But the city’s demographic tide kept rising, and each wave of
immigrants redrew the boundary between outsider and insider.

Each of these figures widened New York’s circle of belonging, though
never evenly. Grace’s rise gave Irish Catholics a seat at the table
but left the city’s Black residents and Caribbean migrants
untouched. Hillquit’s Socialists built interracial alliances with
Black labor organizers like A. Philip Randolph and Chandler Owen, even
as their broader movement still treated race as secondary to class. La
Guardia, decades later, went further—appointing Black and Puerto
Rican officials, investigating discrimination in Harlem, and
campaigning in Spanish—but even his reform coalition operated within
a segregated city.
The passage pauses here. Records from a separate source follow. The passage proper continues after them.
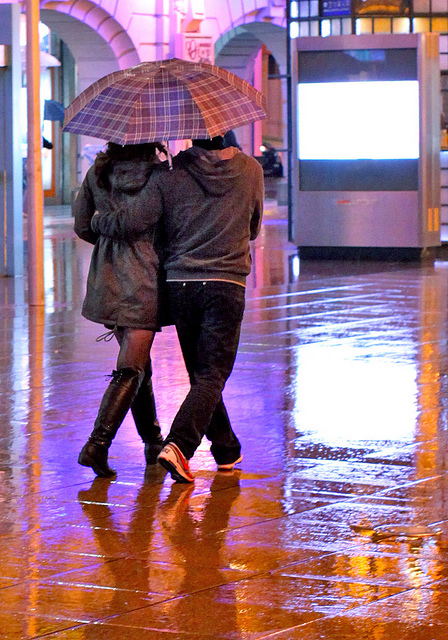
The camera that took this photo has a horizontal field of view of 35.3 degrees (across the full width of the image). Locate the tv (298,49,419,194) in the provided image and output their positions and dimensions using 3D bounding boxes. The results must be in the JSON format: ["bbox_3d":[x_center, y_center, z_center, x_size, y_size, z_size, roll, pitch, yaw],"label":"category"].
[{"bbox_3d":[2.487,-3.659,12.771,2.446,2.687,0.244,8,27,29],"label":"tv"}]

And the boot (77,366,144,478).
[{"bbox_3d":[-0.538,0.492,3.391,0.231,0.533,0.383,-1,1,23],"label":"boot"}]
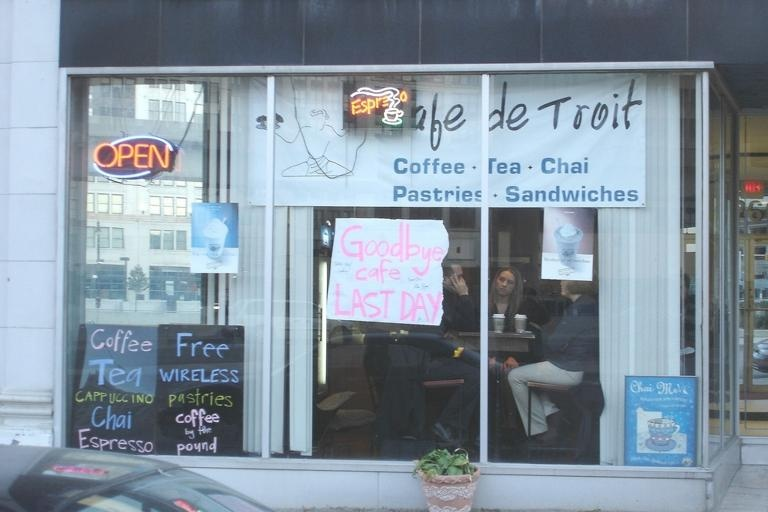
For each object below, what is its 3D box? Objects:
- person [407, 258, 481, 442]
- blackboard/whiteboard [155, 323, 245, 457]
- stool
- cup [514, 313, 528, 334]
[{"bbox_3d":[0.675,1.181,14.806,0.913,2.125,0.545,-11,30,-1],"label":"person"},{"bbox_3d":[-2.096,1.618,14.802,1.431,1.976,0.163,0,-4,-2],"label":"blackboard/whiteboard"},{"bbox_3d":[1.582,1.959,14.992,1.429,0.703,0.790,0,1,5],"label":"stool"},{"bbox_3d":[1.587,0.779,14.696,0.185,0.231,0.168,4,-3,7],"label":"cup"}]
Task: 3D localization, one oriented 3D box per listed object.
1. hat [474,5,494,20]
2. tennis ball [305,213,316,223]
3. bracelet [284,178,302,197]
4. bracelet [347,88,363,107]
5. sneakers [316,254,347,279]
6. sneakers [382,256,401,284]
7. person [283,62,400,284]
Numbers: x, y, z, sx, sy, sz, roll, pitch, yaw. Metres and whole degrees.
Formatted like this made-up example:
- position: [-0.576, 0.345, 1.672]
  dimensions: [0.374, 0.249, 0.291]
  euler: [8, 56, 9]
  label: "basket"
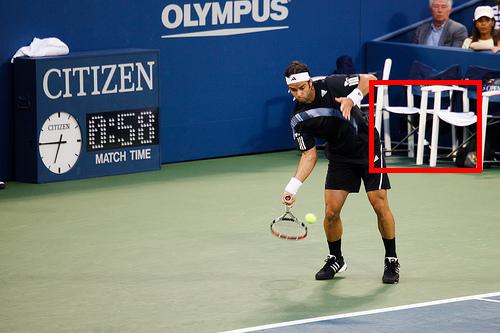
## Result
- position: [4.769, -3.128, 11.831]
  dimensions: [0.340, 0.272, 0.283]
  euler: [4, 15, 19]
  label: "hat"
- position: [0.610, 0.521, 5.796]
  dimensions: [0.105, 0.099, 0.102]
  euler: [0, -1, 0]
  label: "tennis ball"
- position: [0.426, 0.194, 5.936]
  dimensions: [0.170, 0.181, 0.167]
  euler: [24, -12, 19]
  label: "bracelet"
- position: [1.044, -0.693, 5.809]
  dimensions: [0.135, 0.155, 0.349]
  euler: [4, 14, 18]
  label: "bracelet"
- position: [0.868, 1.052, 6.186]
  dimensions: [0.393, 0.177, 0.166]
  euler: [-25, 21, -37]
  label: "sneakers"
- position: [1.453, 1.071, 5.970]
  dimensions: [0.124, 0.132, 0.322]
  euler: [0, 15, 10]
  label: "sneakers"
- position: [0.955, 0.064, 5.977]
  dimensions: [1.201, 2.250, 0.571]
  euler: [0, 14, 4]
  label: "person"
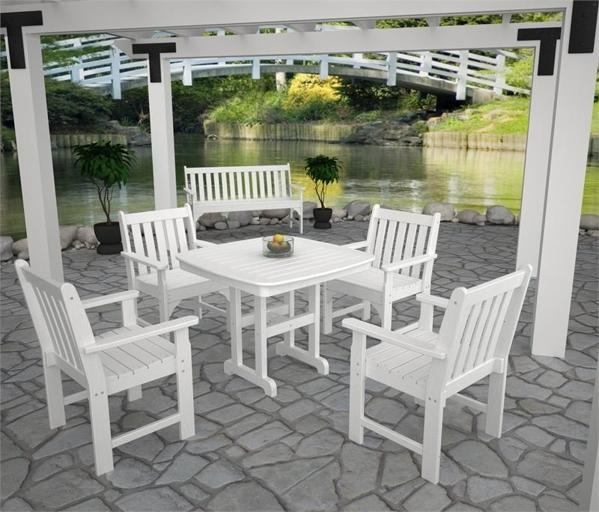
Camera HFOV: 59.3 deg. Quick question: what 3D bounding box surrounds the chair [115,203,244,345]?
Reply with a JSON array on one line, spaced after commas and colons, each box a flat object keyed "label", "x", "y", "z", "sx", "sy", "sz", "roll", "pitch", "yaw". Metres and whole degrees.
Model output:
[{"label": "chair", "x": -0.896, "y": 0.126, "z": 4.035, "sx": 0.867, "sy": 0.788, "sz": 0.725, "roll": -9, "pitch": 30, "yaw": -28}]

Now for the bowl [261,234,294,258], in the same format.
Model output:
[{"label": "bowl", "x": -0.138, "y": -0.066, "z": 3.618, "sx": 0.220, "sy": 0.098, "sz": 0.192, "roll": -5, "pitch": 11, "yaw": -27}]

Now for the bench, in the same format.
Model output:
[{"label": "bench", "x": -0.820, "y": -0.888, "z": 7.891, "sx": 1.640, "sy": 0.642, "sz": 0.507, "roll": 0, "pitch": -12, "yaw": 15}]

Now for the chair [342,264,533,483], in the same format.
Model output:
[{"label": "chair", "x": 0.706, "y": 0.516, "z": 2.817, "sx": 0.886, "sy": 1.031, "sz": 0.696, "roll": -22, "pitch": 30, "yaw": -40}]

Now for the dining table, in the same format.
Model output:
[{"label": "dining table", "x": -0.259, "y": 0.277, "z": 3.801, "sx": 1.335, "sy": 0.802, "sz": 1.314, "roll": -10, "pitch": 15, "yaw": -43}]

The city’s circle of belonging widened in fits
and starts, stretching to include new voices even as old hierarchies
tugged at its edges.

Nonetheless Mamdani’s Queens feels like it rhymes with La
Guardia’s base in East Harlem and the Lower East Side—blocks of
working-class renters who keep the city humming and yet pass invisibly
through it.

The tenement floor now lives on a scooter and in an app: delivery
riders with plastic ponchos, rideshare drivers orbiting JFK at 2 a.m.,
home-health aides and night-shift nurses catching the dawn train. Many
are immigrants; most are tired. They’re the heirs of the garment
cutters and dockhands who once packed Socialist rallies and crowded
Tammany ward halls, the same stubborn coalition of people who make the
city run before the city remembers their names.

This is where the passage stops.